== Problem requirements ==
Collect each line of the entries that holds the string "Borders".

BEGIN Source data

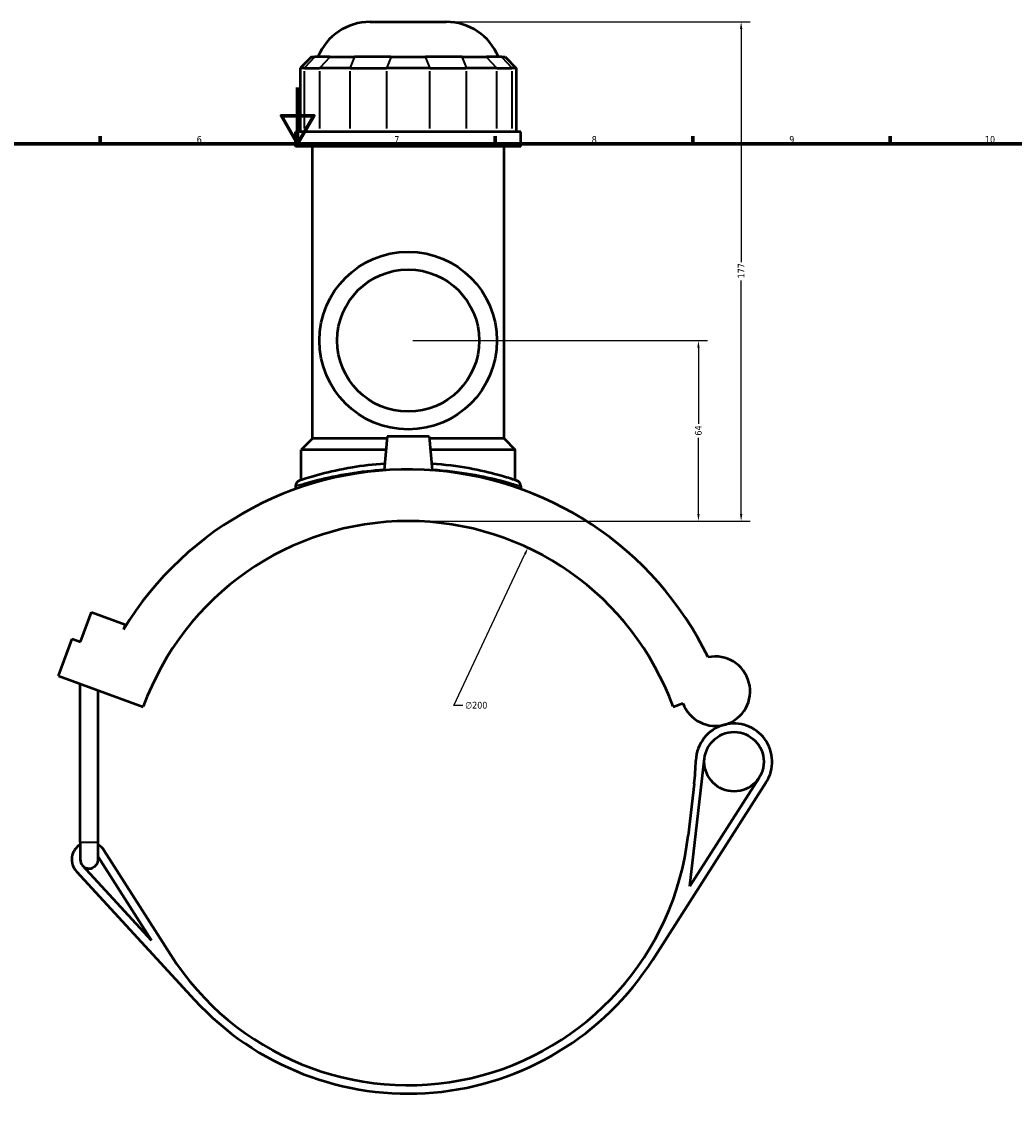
# Model space of a CAD drawing. Header units: millimetres. Extents: x -291 to 1012, y -153 to 1187.
# Tile 5 of 7: x 323 to 675, y 230 to 617. Entities that reach past the tile are written whole.
import ezdxf

# ---------------------------------------------------------------- set-up
doc = ezdxf.new("R2010")
doc.units = ezdxf.units.MM
for name, color, linetype, lineweight in [('Border (ANSI)', 7, 'Continuous', 70), ('Dimension (ANSI)', 7, 'Continuous', 25), ('Visible (ANSI)', 7, 'Continuous', 50), ('Visible Narrow (ANSI)', 7, 'Continuous', 35)]:
    doc.layers.add(name, color=color, linetype=linetype, lineweight=lineweight)
doc.styles.add('Note Text (ANSI)', font='tahoma.ttf')
doc.dimstyles.new('Default - mm (ANSI)', dxfattribs={"dimtxt": 2.4, "dimasz": 2.5, "dimexe": 3.175, "dimexo": 1.6002, "dimgap": 0.8, "dimtad": 0, "dimtoh": 1, "dimdec": 0, "dimrnd": 1e-08, "dimzin": 4, "dimdsep": 46, "dimtxsty": 'Note Text (ANSI)', "dimcen": 0.09, "dimdle": 10, "dimclrd": 256, "dimclre": 256, "dimclrt": 5, "dimadec": 1, "dimazin": 1, "dimtfac": 1.27, "dimtofl": 0, "dimtmove": 0, "dimatfit": 3, "dimfxl": 1, "dimtolj": 1, "dimtzin": 4, "dimlwd": -1, "dimlwe": -1, "dimarcsym": 0})

# ---------------------------------------------------------------- blocks, each defined once
blk = doc.blocks.new('Borders Default Border')
at = {"layer": 'Border (ANSI)'}
for p, q in [((350.42, 574), (350.42, 576.8)), ((490.58, 574), (490.58, 576.8)), ((560.67, 574), (560.67, 576.8)), ((630.75, 574), (630.75, 576.8))]:
    blk.add_line(p, q, dxfattribs=at)
at = {"layer": 'Border (ANSI)', "flags": 128}
for points in [[(420.5, 594), (420.5, 574), (414.73, 584), (426.27, 584), (420.5, 574)], [(20, 20), (20, 574), (821, 574), (821, 20), (20, 20)]]:
    blk.add_lwpolyline(points, dxfattribs=at)
at = {"layer": 'Border (ANSI)', "color": 5, "true_color": 0x0000ff, "char_height": 2.4, "attachment_point": 7, "style": 'Note Text (ANSI)'}
for s, insert in [('6', (384.69, 574.35)), ('7', (454.8, 574.4)), ('8', (524.84, 574.35)), ('9', (594.92, 574.35)), ('10', (664.35, 574.35))]:
    blk.add_mtext(s, dxfattribs=dict(at, insert=insert))
blk = doc.blocks.new('*D6')
at = {"layer": 'Defpoints', "color": 0, "transparency": 16777216}
for p in [(502.19, 430.84), (417.25, 249.77)]:
    blk.add_point(p, dxfattribs=at)
at = {"layer": 'Dimension (ANSI)', "transparency": 16777216}
for p, q in [((475.96, 374.93), (501.13, 428.57)), ((479.14, 374.93), (475.96, 374.93))]:
    blk.add_line(p, q, dxfattribs=at)
blk.add_solid([(500.75, 428.75), (501.51, 428.39), (502.19, 430.84)], dxfattribs=at)
at = {"layer": 'Dimension (ANSI)', "color": 5, "transparency": 16777216, "insert": (479.94, 376.22), "char_height": 2.4, "attachment_point": 1, "style": 'Note Text (ANSI)'}
blk.add_mtext('\\A1;∅200', dxfattribs=at)
blk = doc.blocks.new('*D10')
at = {"layer": 'Defpoints', "color": 0, "transparency": 16777216}
for p in [(459.72, 504.3), (562.7, 504.3), (459.72, 440.3)]:
    blk.add_point(p, dxfattribs=at)
at = {"layer": 'Dimension (ANSI)', "transparency": 16777216}
for p, q in [((461.32, 504.3), (565.87, 504.3)), ((562.7, 501.8), (562.7, 474.79)), ((562.7, 442.8), (562.7, 469.81)), ((461.32, 440.3), (565.87, 440.3))]:
    blk.add_line(p, q, dxfattribs=at)
for points in [[(562.28, 501.8), (563.11, 501.8), (562.7, 504.3)], [(562.28, 442.8), (563.11, 442.8), (562.7, 440.3)]]:
    blk.add_solid(points, dxfattribs=at)
at = {"layer": 'Dimension (ANSI)', "color": 5, "transparency": 16777216, "insert": (561.45, 470.61), "char_height": 2.4, "attachment_point": 1, "rotation": 90, "style": 'Note Text (ANSI)'}
blk.add_mtext('\\A1;64', dxfattribs=at)
blk = doc.blocks.new('*D11')
at = {"layer": 'Defpoints', "color": 0, "transparency": 16777216}
for p in [(473.22, 617.3), (577.85, 617.3), (459.72, 440.3)]:
    blk.add_point(p, dxfattribs=at)
at = {"layer": 'Dimension (ANSI)', "transparency": 16777216}
for p, q in [((474.82, 617.3), (581.02, 617.3)), ((577.85, 614.8), (577.85, 532.06)), ((577.85, 442.8), (577.85, 525.54)), ((461.32, 440.3), (581.02, 440.3))]:
    blk.add_line(p, q, dxfattribs=at)
for points in [[(577.43, 614.8), (578.27, 614.8), (577.85, 617.3)], [(577.43, 442.8), (578.27, 442.8), (577.85, 440.3)]]:
    blk.add_solid(points, dxfattribs=at)
at = {"layer": 'Dimension (ANSI)', "color": 5, "transparency": 16777216, "insert": (576.64, 526.34), "char_height": 2.4, "attachment_point": 1, "rotation": 90, "style": 'Note Text (ANSI)'}
blk.add_mtext('\\A1;177', dxfattribs=at)

msp = doc.modelspace()

# ---------------------------------------------------------------- linework, layer by layer
at = {"layer": 'Visible (ANSI)'}
for p, q in [((446.21, 617.3), (473.22, 617.3)), ((425.37, 604.91), (421.37, 600.91)), ((425.37, 604.91), (426.58, 604.91)), ((431.96, 604.91), (426.58, 604.91)), ((431.96, 604.91), (440.62, 604.91)), ((453.6, 604.91), (440.62, 604.91)), ((453.6, 604.91), (465.84, 604.91)), ((478.82, 604.91), (465.84, 604.91)), ((478.82, 604.91), (487.48, 604.91)), ((492.85, 604.91), (487.48, 604.91)), ((492.85, 604.91), (494.07, 604.91)), ((494.07, 604.91), (498.07, 600.91)), ((422.89, 600.91), (421.37, 600.91)), ((421.37, 600.91), (421.37, 578.36)), ((422.89, 600.91), (428.26, 600.91)), ((439.09, 600.91), (428.26, 600.91)), ((439.09, 600.91), (452.07, 600.91)), ((467.37, 600.91), (452.07, 600.91)), ((467.37, 600.91), (480.35, 600.91)), ((491.17, 600.91), (480.35, 600.91)), ((491.17, 600.91), (496.55, 600.91)), ((498.07, 600.91), (496.55, 600.91)), ((498.07, 600.91), (498.07, 578.36)), ((499.72, 578.36), (419.72, 578.36)), ((419.72, 573.05), (419.72, 578.36)), ((499.72, 573.05), (499.72, 578.36)), ((499.72, 573.05), (419.72, 573.05)), ((425.72, 469.55), (425.72, 573.05)), ((493.72, 469.55), (493.72, 573.05)), ((425.72, 469.55), (421.72, 465.55)), ((452.15, 469.55), (425.72, 469.55)), ((452.22, 470.3), (451.17, 458.31)), ((467.22, 470.3), (452.22, 470.3)), ((467.22, 470.3), (468.27, 458.31)), ((493.72, 469.55), (467.28, 469.55)), ((493.72, 469.55), (497.72, 465.55)), ((451.8, 465.55), (421.72, 465.55)), ((421.72, 454.8), (421.72, 465.55)), ((497.72, 465.55), (467.63, 465.55)), ((497.72, 454.8), (497.72, 465.55)), ((419.72, 452.69), (419.72, 451.66)), ((499.72, 452.69), (499.72, 451.66)), ((343.47, 397.51), (347.31, 408.03)), ((347.31, 408.03), (359.33, 403.66)), ((359.33, 403.66), (358.69, 401.89)), ((335.68, 385.45), (340.47, 398.6)), ((340.47, 398.6), (343.47, 397.51)), ((335.68, 385.45), (365.75, 374.5)), ((343.35, 326.46), (343.35, 382.66)), ((349.75, 326.46), (349.75, 380.33)), ((553.69, 374.5), (557.16, 375.77)), ((559.59, 310.85), (564.86, 356.2)), ((584.2, 349.31), (559.59, 310.85)), ((546.48, 284.78), (586.73, 347.69)), ((561.18, 347.11), (559.05, 328.77)), ((343.35, 326.46), (343.35, 320.3)), ((349.75, 320.3), (349.75, 326.46)), ((375.37, 286.59), (351.78, 323.63)), ((368.61, 291.62), (344.19, 318.13)), ((349.75, 321.23), (368.61, 291.62)), ((341.99, 316.1), (383.95, 270.53))]:
    msp.add_line(p, q, dxfattribs=at)
for centre, radius in [((459.72, 504.3), 31.5), ((459.72, 504.3), 25.2), ((575.33, 354.99), 10.54)]:
    msp.add_circle(centre, radius, dxfattribs=at)
for centre, radius, start, end in [((446.21, 597.3), 20, 90, 157.6353), ((473.22, 597.3), 20, 22.3647, 90), ((459.72, 340.3), 118.32, 25.914, 148.6351), ((421.72, 452.69), 2, 108.6809, 180), ((497.72, 452.69), 2, 0, 71.3191), ((459.72, 340.3), 100, 20, 160), ((568.72, 379.98), 12.31, 200, 102.1064), ((575.33, 354.99), 13.54, 104.8062, 178.1539), ((575.33, 354.99), 13.54, 327.3837, 104.8062), ((461.85, 358.65), 100, 353.3773, 358.1539), ((346.55, 320.3), 6.2, 121.073, 222.639), ((346.55, 320.3), 6.2, 32.4912, 58.927), ((459.72, 340.3), 100, 212.4912, 353.3773), ((346.55, 320.3), 3.2, 180, 222.639), ((346.55, 320.3), 3.2, 222.639, 0), ((459.72, 340.3), 103, 222.639, 327.3837)]:
    msp.add_arc(centre, radius, start, end, dxfattribs=at)
for points, knots in [([(451.38, 460.65), (447.33, 460.37), (443.44, 459.89), (435.64, 458.59), (431.89, 457.73), (425.18, 455.96), (422.65, 455.11), (421.26, 454.65), (421.08, 454.59), (421.08, 454.59)], [19.068209, 19.068209, 19.068209, 19.068209, 20.308283, 20.308283, 21.806105, 21.806105, 23.667527, 23.667527, 24.308136, 24.308136, 24.308136, 24.308136]), ([(498.36, 454.59), (498.36, 454.59), (497.85, 454.76), (495.69, 455.46), (493.84, 456.04), (488.69, 457.45), (485.22, 458.29), (477.27, 459.73), (472.77, 460.33), (468.06, 460.65)], [12.154069, 12.154069, 12.154069, 12.154069, 13.228116, 13.228116, 14.504457, 14.504457, 15.950847, 15.950847, 17.394003, 17.394003, 17.394003, 17.394003])]:
    msp.add_open_spline(points, degree=3, knots=knots, dxfattribs=at)
at = {"layer": 'Visible Narrow (ANSI)'}
for p, q in [((426.4, 604.71), (423.07, 601.11)), ((431.78, 604.71), (428.45, 601.11)), ((440.54, 604.71), (439.16, 601.11)), ((453.52, 604.71), (452.14, 601.11)), ((465.92, 604.71), (467.3, 601.11)), ((478.9, 604.71), (480.27, 601.11)), ((487.66, 604.71), (490.99, 601.11)), ((493.04, 604.71), (496.36, 601.11)), ((422.89, 579.49), (422.89, 599.78)), ((428.26, 599.78), (428.26, 579.49)), ((439.09, 579.49), (439.09, 599.78)), ((452.07, 599.78), (452.07, 579.49)), ((467.37, 579.49), (467.37, 599.78)), ((480.35, 599.78), (480.35, 579.49)), ((491.17, 579.49), (491.17, 599.78)), ((496.55, 599.78), (496.55, 579.49)), ((343.39, 326.46), (349.71, 326.46))]:
    msp.add_line(p, q, dxfattribs=at)
msp.add_arc((497.72, 452.69), 2, 3.566, 67.7532, dxfattribs=at)
for points, knots in [([(419.72, 452.7), (419.72, 452.69), (419.9, 452.75), (421.34, 453.21), (423.97, 454.04), (430.91, 455.78), (434.79, 456.63), (442.9, 457.92), (446.97, 458.39), (451.2, 458.67)], [-24.308136, -24.308136, -24.308136, -24.308136, -23.667527, -23.667527, -21.806105, -21.806105, -20.308283, -20.308283, -19.05641, -19.05641, -19.05641, -19.05641]), ([(468.24, 458.67), (473.16, 458.35), (477.85, 457.75), (486.12, 456.33), (489.7, 455.51), (495.04, 454.12), (496.96, 453.55), (499.19, 452.86), (499.72, 452.69), (499.72, 452.69)], [-17.405801, -17.405801, -17.405801, -17.405801, -15.950847, -15.950847, -14.504457, -14.504457, -13.228116, -13.228116, -12.154069, -12.154069, -12.154069, -12.154069])]:
    msp.add_open_spline(points, degree=3, knots=knots, dxfattribs=at)

# ---------------------------------------------------------------- block references
msp.add_blockref('Borders Default Border', (0, 0))

# ---------------------------------------------------------------- dimensions: what is measured, and where the dimension line sits
at = {"layer": 'Dimension (ANSI)'}
for base, p2, picture, middle in [((577.85, 617.3), (473.22, 617.3), '*D11', (577.85, 528.8)), ((562.7, 504.3), (459.72, 504.3), '*D10', (562.7, 472.3))]:
    dim = msp.add_linear_dim(base=base, p1=(459.72, 440.3), p2=p2, angle=90, dimstyle='Default - mm (ANSI)', override={"dimgap": 0.8, "dimtoh": 0, "dimdec": 0, "dimtol": 0, "dimlim": 0, "dimtp": 0, "dimtm": 0, "dimtdec": 2, "dimatfit": 1}, dxfattribs=at)
    dim.commit()
    dim.dimension.update_dxf_attribs({"geometry": picture, "text_midpoint": middle, "dimtype": 160})
dim = msp.add_diameter_dim_2p(p1=(417.25, 249.77), p2=(502.19, 430.84), dimstyle='Default - mm (ANSI)', override={"dimgap": 0.8, "dimtih": 1, "dimdec": 0, "dimlfac": 1, "dimtol": 0, "dimlim": 0, "dimtp": 0, "dimtm": 0, "dimtdec": 2}, dxfattribs=at)
dim.commit()
dim.dimension.update_dxf_attribs({"geometry": '*D6', "text_midpoint": (483.81, 374.93), "dimtype": 163})

doc.saveas('drawing.dxf')

END Source data

== Response for this exercise ==
blk = doc.blocks.new('Borders Default Border')
msp.add_blockref('Borders Default Border', (0, 0))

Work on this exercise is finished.